Lilia Luciano reports from the field. Pic credit: Discovery
Lilia Luciano reports from the field on Border Live. Pic credit: Discovery

Luciano explains what is going on in the clip: “This is where the drugs come to die. Right now, this is a bundle of about 30 pounds of marijuana [and] every minute another 30-pound bundle goes through there, averaging about 1,800 pounds that they have to burn every hour.

“There’s a total of about 7,500 pounds that they brought from the vault and it’s being pushed into this incinerator that’s burning at 1,500 degrees Fahrenheit… and it burns about twice a month, 30 pounds every minute, to a total of about 1,800 pounds an hour.”

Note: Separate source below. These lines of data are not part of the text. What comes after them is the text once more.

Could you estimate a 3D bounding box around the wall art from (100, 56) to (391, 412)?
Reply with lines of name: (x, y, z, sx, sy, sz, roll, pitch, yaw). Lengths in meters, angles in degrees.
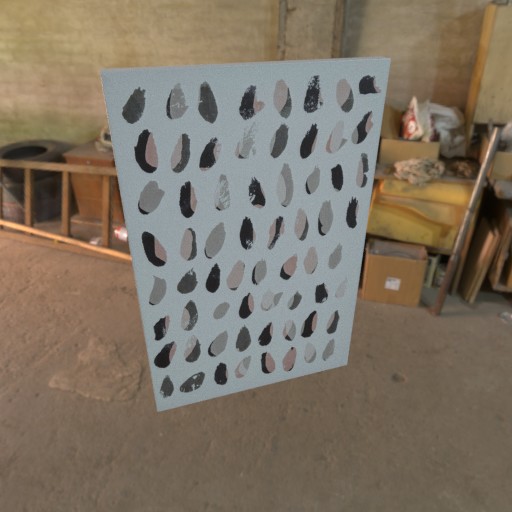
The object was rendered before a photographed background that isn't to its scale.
wall art: (0.000, 0.000, 1.139, 0.610, 0.916, 0.037, -9, 32, -15)
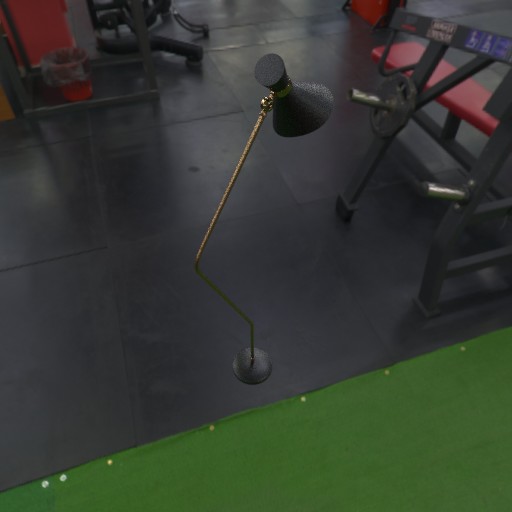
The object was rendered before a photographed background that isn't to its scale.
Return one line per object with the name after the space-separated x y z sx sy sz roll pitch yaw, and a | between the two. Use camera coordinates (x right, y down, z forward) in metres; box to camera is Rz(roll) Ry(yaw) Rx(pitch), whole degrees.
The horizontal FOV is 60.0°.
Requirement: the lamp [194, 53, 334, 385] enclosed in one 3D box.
0.000 0.000 1.602 0.467 1.438 0.277 -12 49 -11 | lamp

She adds: “The reason why it’s not burning at a faster rate is because the EPA is regulating this because every one of these bundles has plastic and the more plastic you have the higher the emissions. If there’s too much going in, there are too many emissions and then they violate EPA standards.”

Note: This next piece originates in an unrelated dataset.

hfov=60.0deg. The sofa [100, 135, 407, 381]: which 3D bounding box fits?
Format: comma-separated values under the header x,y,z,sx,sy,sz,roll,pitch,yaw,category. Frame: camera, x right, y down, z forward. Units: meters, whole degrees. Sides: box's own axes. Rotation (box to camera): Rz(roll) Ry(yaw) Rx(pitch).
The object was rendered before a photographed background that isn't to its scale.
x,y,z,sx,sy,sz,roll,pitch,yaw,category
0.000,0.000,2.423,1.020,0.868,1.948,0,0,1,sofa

The influx of illegal drugs and migrants are the two biggest red flags that POTUS raises when discussing the border security issues along the Mexican and USA border.

According to a 2018 Congressional Research Service report, about 150,000 intentional homicides [at the Mexican border] since 2006 were organized crime-related. CNN reports that “Mexican drug cartels take in between $19 billion and $29 billion annually from drug sales in the US”.

In the series, crews are embedded out in the field with officers and special agents at key border sites from Nogales, Ariz., in the west to the Rio Grande Valley and points east.

Discovery is in Texas including the City of San Juan Police Department and Cameron County Sheriff’s Office as well as in Arizona with the Cochise County Sheriff’s Office.

The series employs experts to provide context and insight. They include Lenny DePaul, a retired Chief Inspector with the U.S. Marshal Service, and Dr. Victor M. Manjarrez, Jr., a retired Chief Patrol Agent who served in both Tucson and El Paso Sectors.

Discovery broadcast the second episode of its multiplatform series Border Live on Wednesday, December, 12 from 9-11 pm ET/PT.